Il decreto cosiddetto “Sblocca Italia” è stato approvato dalla Camera dei Deputati e nel giro di una decina di giorni, pena la decadenza, dovrà essere approvato anche dal Senato. Tuttavia, nel caso al Senato dovessero essere approvate ulteriori modifiche, il decreto dovrà tornare alla Camera per la definitiva approvazione. Dunque, in realtà, i tempi per la discussione in Senato sono assai stretti.
Ci sono stati in questi giorni diversi interventi pubblici, in particolare da parte del governatore e dei parlamentari lucani, volti a spiegare il bello e-o il brutto, dipende dai gusti, del decreto così come modificato nel passaggio parlamentare.
Propende per il bello la lettura che ne danno, rispettivamente, il Presidente della Regione, Pittella, e il capogruppo Pd, Speranza. Soddisfatto ma ancora con qualche dubbio residuo Folino, mentre è invece decisamente negativo il giudizio di Liuzzi e di tutto il gruppo 5Stelle. Soddisfatta è anche la parlamentare Pd, Antezza, mentre Latronico (Forza Italia) e Barozzino (Sel) hanno votato no alla fiducia, come la Liuzzi.
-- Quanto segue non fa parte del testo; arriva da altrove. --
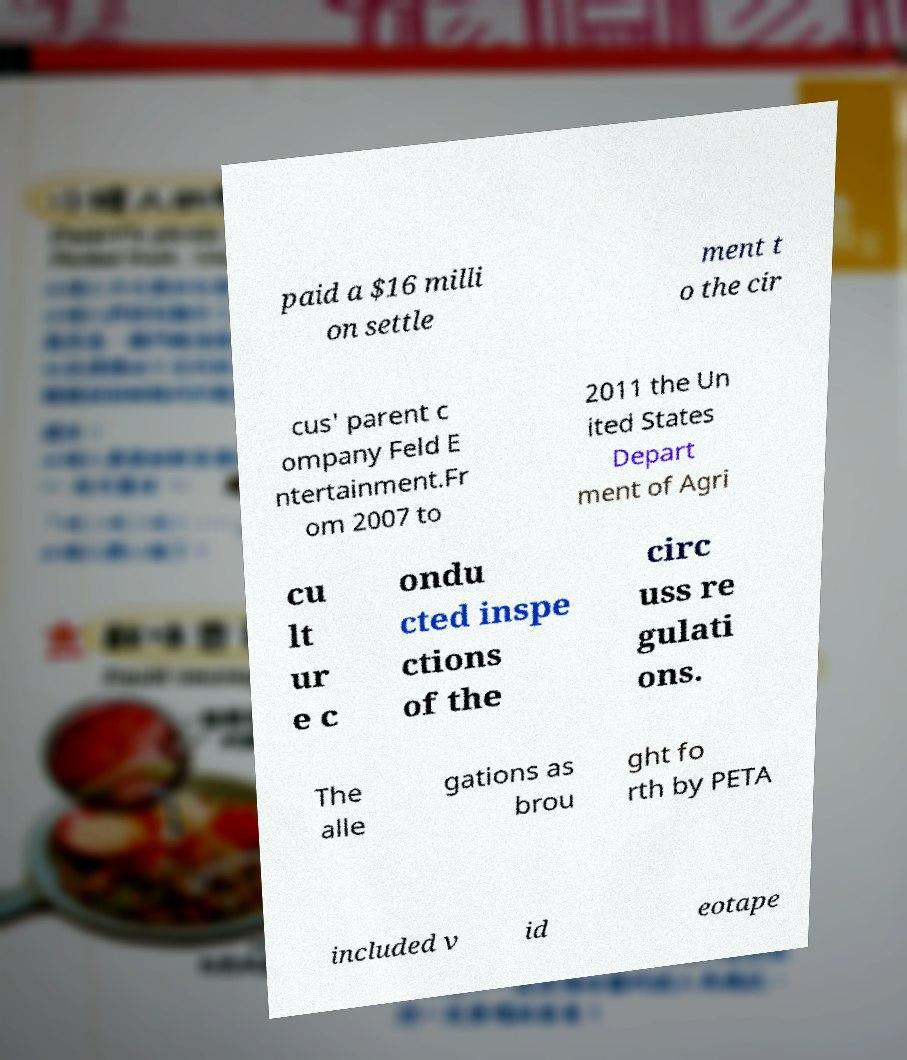Could you assist in decoding the text presented in this image and type it out clearly? paid a $16 milli on settle ment t o the cir cus' parent c ompany Feld E ntertainment.Fr om 2007 to 2011 the Un ited States Depart ment of Agri cu lt ur e c ondu cted inspe ctions of the circ uss re gulati ons. The alle gations as brou ght fo rth by PETA included v id eotape

Potendo beneficiare di tutte queste autorevoli e informate ricostruzioni sullo “Sblocca Italia”, in questo post potrò evitare di entrare nel dettaglio delle misure approvate, per provare invece a ragionare sull’essenza dei problemi ancora aperti per la Basilicata.
In pillole, rispetto alla prima stesura del decreto da parte del governo Renzi, la Regione ha ottenuto un discreto incremento in termini di risorse effettivamente utilizzabili per lo sviluppo e per la coesione sociale, sia attraverso il parziale sblocco delle royalties e di altre risorse per gli investimenti pubblici, che attraverso un reindirizzo delle risorse in precedenza destinate alla card carburante verso misure più equilibrate di assistenza sociale. Nemmeno da sottovalutare, per quanto comunque non si tratti di atti legislativi, l’importanza dei vari ordini del giorno approvati soprattutto su spinta dei parlamentari Pd, dal tetto alle estrazioni fissato a 154 mila barili, all’indirizzo su una maggiore concertazione Stato-Regione nella gestione petrolifera.
Queste le luci. Le ombre riguardano, in particolare, la sostanziale conferma della centralizzazione del processo decisionale in tema di autorizzazioni e concessioni alle compagnie petrolifere per lo sfruttamento degli idrocarburi, in nome della identificazione delle estrazioni quale attività strategica di rilievo nazionale. Ma, a dire il vero, un’altra ombra (a questo stadio, però, senza dubbio meno rilevante) riguarda la concreta realizzabilità delle “promesse risarcitorie” per la regione, visto che lo stato di difficoltà della finanza pubblica richiederà una valutazione continua da parte del centro sul concreto ammontare di risorse da destinare, di anno in anno, alla Basilicata.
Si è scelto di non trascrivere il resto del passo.